__ASSIGNED TASK__:
Without the images, output each record below as it stands.

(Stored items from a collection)
◇ ◇ ◇ ◇ ◇

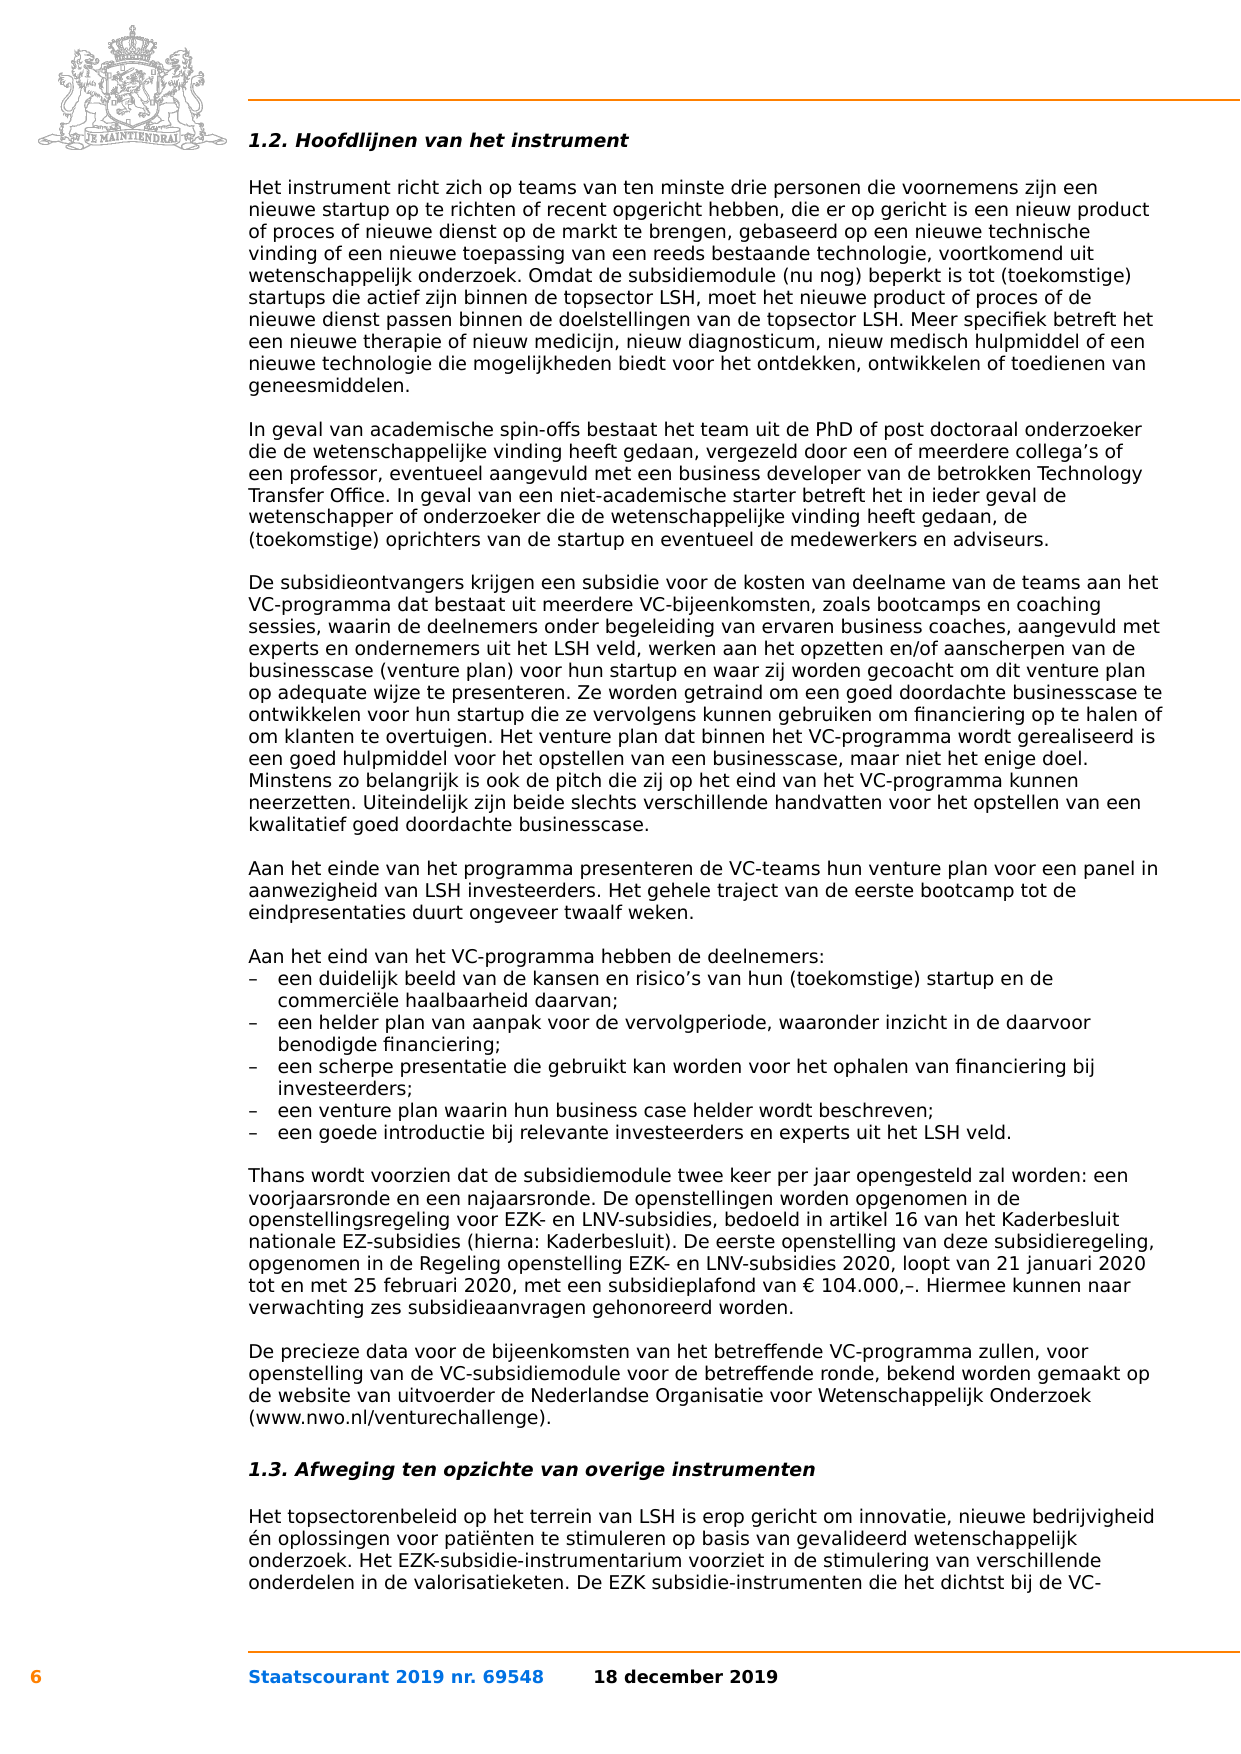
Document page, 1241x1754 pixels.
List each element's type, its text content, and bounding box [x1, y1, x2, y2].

text Het instrument richt zich op teams van ten minste drie personen die voornemens zijn een nieuwe startup op te richten of recent opgericht hebben, die er op gericht is een nieuw product of proces of nieuwe dienst op de markt te brengen, gebaseerd op een nieuwe technische vinding of een nieuwe toepassing van een reeds bestaande technologie, voortkomend uit wetenschappelijk onderzoek. Omdat de subsidiemodule (nu nog) beperkt is tot (toekomstige) startups die actief zijn binnen de topsector LSH, moet het nieuwe product of proces of de nieuwe dienst passen binnen de doelstellingen van de topsector LSH. Meer specifiek betreft het een nieuwe therapie of nieuw medicijn, nieuw diagnosticum, nieuw medisch hulpmiddel of een nieuwe technologie die mogelijkheden biedt voor het ontdekken, ontwikkelen of toedienen van geneesmiddelen. [248, 177, 1163, 397]
text Aan het einde van het programma presenteren de VC-teams hun venture plan voor een panel in aanwezigheid van LSH investeerders. Het gehele traject van de eerste bootcamp tot de eindpresentaties duurt ongeveer twaalf weken. [248, 858, 1163, 924]
text In geval van academische spin-offs bestaat het team uit de PhD of post doctoraal onderzoeker die de wetenschappelijke vinding heeft gedaan, vergezeld door een of meerdere collega’s of een professor, eventueel aangevuld met een business developer van de betrokken Technology Transfer Office. In geval van een niet-academische starter betreft het in ieder geval de wetenschapper of onderzoeker die de wetenschappelijke vinding heeft gedaan, de (toekomstige) oprichters van de startup en eventueel de medewerkers en adviseurs. [248, 418, 1163, 550]
text Thans wordt voorzien dat de subsidiemodule twee keer per jaar opengesteld zal worden: een voorjaarsronde en een najaarsronde. De openstellingen worden opgenomen in de openstellingsregeling voor EZK- en LNV-subsidies, bedoeld in artikel 16 van het Kaderbesluit nationale EZ-subsidies (hierna: Kaderbesluit). De eerste openstelling van deze subsidieregeling, opgenomen in de Regeling openstelling EZK- en LNV-subsidies 2020, loopt van 21 januari 2020 tot en met 25 februari 2020, met een subsidieplafond van € 104.000,–. Hiermee kunnen naar verwachting zes subsidieaanvragen gehonoreerd worden. [248, 1165, 1163, 1319]
text – een scherpe presentatie die gebruikt kan worden voor het ophalen van financiering bij investeerders; [248, 1056, 1163, 1099]
picture [38, 25, 227, 150]
text Aan het eind van het VC-programma hebben de deelnemers: [248, 946, 1163, 968]
text – een venture plan waarin hun business case helder wordt beschreven; [248, 1099, 1163, 1122]
text – een duidelijk beeld van de kansen en risico’s van hun (toekomstige) startup en de commerciële haalbaarheid daarvan; [248, 968, 1163, 1012]
subtitle 1.2. Hoofdlijnen van het instrument [248, 130, 1163, 152]
text De precieze data voor de bijeenkomsten van het betreffende VC-programma zullen, voor openstelling van de VC-subsidiemodule voor de betreffende ronde, bekend worden gemaakt op de website van uitvoerder de Nederlandse Organisatie voor Wetenschappelijk Onderzoek (www.nwo.nl/venturechallenge). [248, 1341, 1163, 1429]
text – een helder plan van aanpak voor de vervolgperiode, waaronder inzicht in de daarvoor benodigde financiering; [248, 1012, 1163, 1056]
text Het topsectorenbeleid op het terrein van LSH is erop gericht om innovatie, nieuwe bedrijvigheid én oplossingen voor patiënten te stimuleren op basis van gevalideerd wetenschappelijk onderzoek. Het EZK-subsidie-instrumentarium voorziet in de stimulering van verschillende onderdelen in de valorisatieketen. De EZK subsidie-instrumenten die het dichtst bij de VC- [248, 1506, 1163, 1594]
text De subsidieontvangers krijgen een subsidie voor de kosten van deelname van de teams aan het VC-programma dat bestaat uit meerdere VC-bijeenkomsten, zoals bootcamps en coaching sessies, waarin de deelnemers onder begeleiding van ervaren business coaches, aangevuld met experts en ondernemers uit het LSH veld, werken aan het opzetten en/of aanscherpen van de businesscase (venture plan) voor hun startup en waar zij worden gecoacht om dit venture plan op adequate wijze te presenteren. Ze worden getraind om een goed doordachte businesscase te ontwikkelen voor hun startup die ze vervolgens kunnen gebruiken om financiering op te halen of om klanten te overtuigen. Het venture plan dat binnen het VC-programma wordt gerealiseerd is een goed hulpmiddel voor het opstellen van een businesscase, maar niet het enige doel. Minstens zo belangrijk is ook de pitch die zij op het eind van het VC-programma kunnen neerzetten. Uiteindelijk zijn beide slechts verschillende handvatten voor het opstellen van een kwalitatief goed doordachte businesscase. [248, 572, 1163, 836]
subtitle 1.3. Afweging ten opzichte van overige instrumenten [248, 1459, 1163, 1481]
text – een goede introductie bij relevante investeerders en experts uit het LSH veld. [248, 1122, 1163, 1143]

◇ ◇ ◇ ◇ ◇

__YOUR RESPONSE__:
Document page, 1241x1754 pixels.
List each element's type, its text content, and bounding box [x1, y1, x2, y2].

text Het instrument richt zich op teams van ten minste drie personen die voornemens zijn een nieuwe startup op te richten of recent opgericht hebben, die er op gericht is een nieuw product of proces of nieuwe dienst op de markt te brengen, gebaseerd op een nieuwe technische vinding of een nieuwe toepassing van een reeds bestaande technologie, voortkomend uit wetenschappelijk onderzoek. Omdat de subsidiemodule (nu nog) beperkt is tot (toekomstige) startups die actief zijn binnen de topsector LSH, moet het nieuwe product of proces of de nieuwe dienst passen binnen de doelstellingen van de topsector LSH. Meer specifiek betreft het een nieuwe therapie of nieuw medicijn, nieuw diagnosticum, nieuw medisch hulpmiddel of een nieuwe technologie die mogelijkheden biedt voor het ontdekken, ontwikkelen of toedienen van geneesmiddelen. [248, 177, 1163, 397]
text Aan het einde van het programma presenteren de VC-teams hun venture plan voor een panel in aanwezigheid van LSH investeerders. Het gehele traject van de eerste bootcamp tot de eindpresentaties duurt ongeveer twaalf weken. [248, 858, 1163, 924]
text In geval van academische spin-offs bestaat het team uit de PhD of post doctoraal onderzoeker die de wetenschappelijke vinding heeft gedaan, vergezeld door een of meerdere collega’s of een professor, eventueel aangevuld met een business developer van de betrokken Technology Transfer Office. In geval van een niet-academische starter betreft het in ieder geval de wetenschapper of onderzoeker die de wetenschappelijke vinding heeft gedaan, de (toekomstige) oprichters van de startup en eventueel de medewerkers en adviseurs. [248, 418, 1163, 550]
text Thans wordt voorzien dat de subsidiemodule twee keer per jaar opengesteld zal worden: een voorjaarsronde en een najaarsronde. De openstellingen worden opgenomen in de openstellingsregeling voor EZK- en LNV-subsidies, bedoeld in artikel 16 van het Kaderbesluit nationale EZ-subsidies (hierna: Kaderbesluit). De eerste openstelling van deze subsidieregeling, opgenomen in de Regeling openstelling EZK- en LNV-subsidies 2020, loopt van 21 januari 2020 tot en met 25 februari 2020, met een subsidieplafond van € 104.000,–. Hiermee kunnen naar verwachting zes subsidieaanvragen gehonoreerd worden. [248, 1165, 1163, 1319]
text – een scherpe presentatie die gebruikt kan worden voor het ophalen van financiering bij investeerders; [248, 1056, 1163, 1099]
picture [38, 25, 227, 150]
text Aan het eind van het VC-programma hebben de deelnemers: [248, 946, 1163, 968]
text – een venture plan waarin hun business case helder wordt beschreven; [248, 1099, 1163, 1122]
text – een duidelijk beeld van de kansen en risico’s van hun (toekomstige) startup en de commerciële haalbaarheid daarvan; [248, 968, 1163, 1012]
subtitle 1.2. Hoofdlijnen van het instrument [248, 130, 1163, 152]
text De precieze data voor de bijeenkomsten van het betreffende VC-programma zullen, voor openstelling van de VC-subsidiemodule voor de betreffende ronde, bekend worden gemaakt op de website van uitvoerder de Nederlandse Organisatie voor Wetenschappelijk Onderzoek (www.nwo.nl/venturechallenge). [248, 1341, 1163, 1429]
text – een helder plan van aanpak voor de vervolgperiode, waaronder inzicht in de daarvoor benodigde financiering; [248, 1012, 1163, 1056]
text Het topsectorenbeleid op het terrein van LSH is erop gericht om innovatie, nieuwe bedrijvigheid én oplossingen voor patiënten te stimuleren op basis van gevalideerd wetenschappelijk onderzoek. Het EZK-subsidie-instrumentarium voorziet in de stimulering van verschillende onderdelen in de valorisatieketen. De EZK subsidie-instrumenten die het dichtst bij de VC- [248, 1506, 1163, 1594]
text De subsidieontvangers krijgen een subsidie voor de kosten van deelname van de teams aan het VC-programma dat bestaat uit meerdere VC-bijeenkomsten, zoals bootcamps en coaching sessies, waarin de deelnemers onder begeleiding van ervaren business coaches, aangevuld met experts en ondernemers uit het LSH veld, werken aan het opzetten en/of aanscherpen van de businesscase (venture plan) voor hun startup en waar zij worden gecoacht om dit venture plan op adequate wijze te presenteren. Ze worden getraind om een goed doordachte businesscase te ontwikkelen voor hun startup die ze vervolgens kunnen gebruiken om financiering op te halen of om klanten te overtuigen. Het venture plan dat binnen het VC-programma wordt gerealiseerd is een goed hulpmiddel voor het opstellen van een businesscase, maar niet het enige doel. Minstens zo belangrijk is ook de pitch die zij op het eind van het VC-programma kunnen neerzetten. Uiteindelijk zijn beide slechts verschillende handvatten voor het opstellen van een kwalitatief goed doordachte businesscase. [248, 572, 1163, 836]
subtitle 1.3. Afweging ten opzichte van overige instrumenten [248, 1459, 1163, 1481]
text – een goede introductie bij relevante investeerders en experts uit het LSH veld. [248, 1122, 1163, 1143]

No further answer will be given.